- _Exercise description_
Search the material and gather each line with "whole" in it.

- _Data for review_
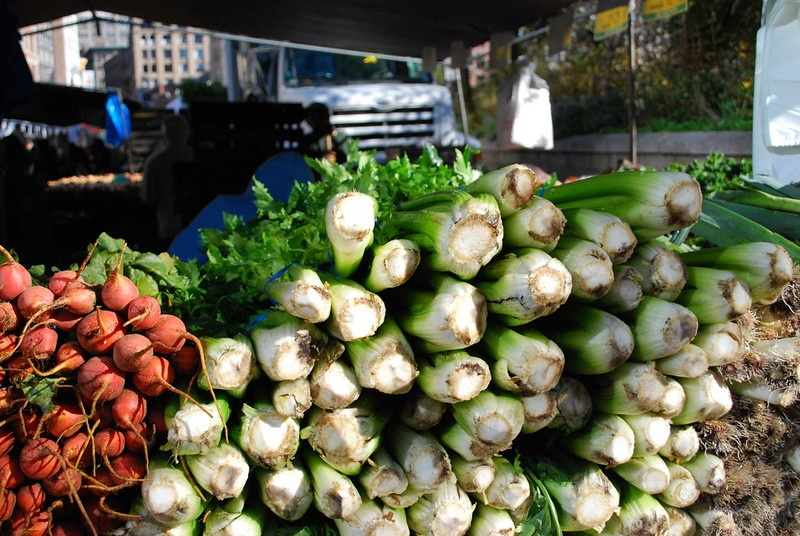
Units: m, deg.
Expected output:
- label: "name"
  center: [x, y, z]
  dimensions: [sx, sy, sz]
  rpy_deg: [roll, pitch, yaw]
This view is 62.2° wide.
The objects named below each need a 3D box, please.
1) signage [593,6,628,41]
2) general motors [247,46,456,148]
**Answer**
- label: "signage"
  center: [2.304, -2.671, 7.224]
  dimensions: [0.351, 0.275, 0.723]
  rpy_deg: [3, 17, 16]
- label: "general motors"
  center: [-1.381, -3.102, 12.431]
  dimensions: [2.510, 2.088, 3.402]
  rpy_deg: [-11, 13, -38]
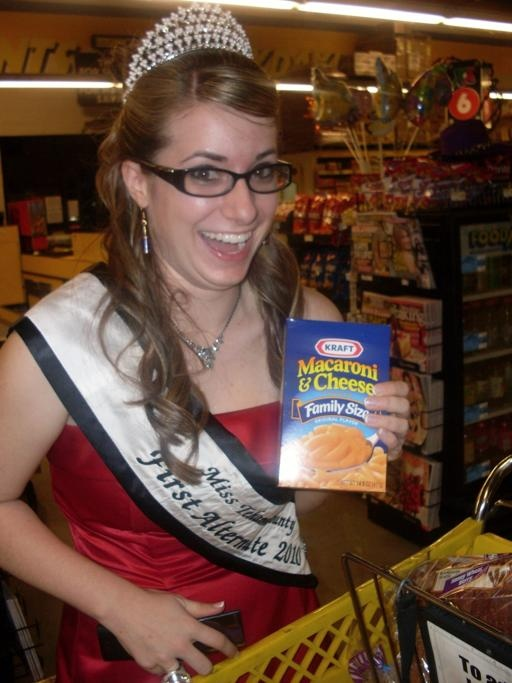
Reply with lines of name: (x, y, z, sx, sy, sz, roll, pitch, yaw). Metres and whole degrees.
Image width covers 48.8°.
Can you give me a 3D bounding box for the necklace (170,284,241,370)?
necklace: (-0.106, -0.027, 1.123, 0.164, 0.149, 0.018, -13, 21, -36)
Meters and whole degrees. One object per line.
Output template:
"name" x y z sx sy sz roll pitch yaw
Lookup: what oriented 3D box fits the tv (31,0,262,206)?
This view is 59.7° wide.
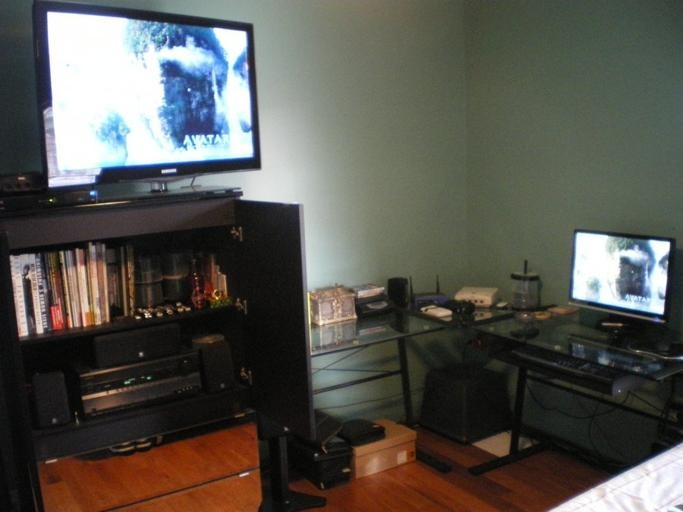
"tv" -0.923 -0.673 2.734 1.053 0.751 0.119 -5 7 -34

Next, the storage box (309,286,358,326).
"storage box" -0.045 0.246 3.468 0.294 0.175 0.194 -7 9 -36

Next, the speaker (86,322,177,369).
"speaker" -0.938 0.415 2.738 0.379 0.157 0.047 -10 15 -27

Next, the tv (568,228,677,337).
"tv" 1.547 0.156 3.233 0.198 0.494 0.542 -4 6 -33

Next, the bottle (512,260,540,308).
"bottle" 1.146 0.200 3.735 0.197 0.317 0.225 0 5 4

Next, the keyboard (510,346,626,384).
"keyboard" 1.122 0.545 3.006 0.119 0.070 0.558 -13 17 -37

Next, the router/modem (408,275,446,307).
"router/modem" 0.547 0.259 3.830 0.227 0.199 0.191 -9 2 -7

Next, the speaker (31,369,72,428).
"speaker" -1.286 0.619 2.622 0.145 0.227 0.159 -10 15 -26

...

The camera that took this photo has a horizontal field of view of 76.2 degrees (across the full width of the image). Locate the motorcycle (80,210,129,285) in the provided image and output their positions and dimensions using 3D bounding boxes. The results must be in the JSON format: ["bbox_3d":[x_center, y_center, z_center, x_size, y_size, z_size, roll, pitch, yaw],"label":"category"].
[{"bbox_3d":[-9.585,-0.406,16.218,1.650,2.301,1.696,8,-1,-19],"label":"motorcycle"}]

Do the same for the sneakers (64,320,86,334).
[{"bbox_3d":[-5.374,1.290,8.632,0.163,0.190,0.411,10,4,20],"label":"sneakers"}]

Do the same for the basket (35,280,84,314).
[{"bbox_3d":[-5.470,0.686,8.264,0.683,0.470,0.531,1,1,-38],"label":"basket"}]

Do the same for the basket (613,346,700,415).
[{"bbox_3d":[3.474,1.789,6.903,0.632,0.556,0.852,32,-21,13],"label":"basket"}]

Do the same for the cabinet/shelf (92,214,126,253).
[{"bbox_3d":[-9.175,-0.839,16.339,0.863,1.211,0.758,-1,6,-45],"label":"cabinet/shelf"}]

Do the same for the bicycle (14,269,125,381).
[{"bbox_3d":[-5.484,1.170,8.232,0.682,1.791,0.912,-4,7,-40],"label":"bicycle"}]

- _Your response_
Reply with lines of name: (x, y, z, sx, sy, sz, roll, pitch, yaw). Metres and whole degrees.
Meters and whole degrees. One object per line.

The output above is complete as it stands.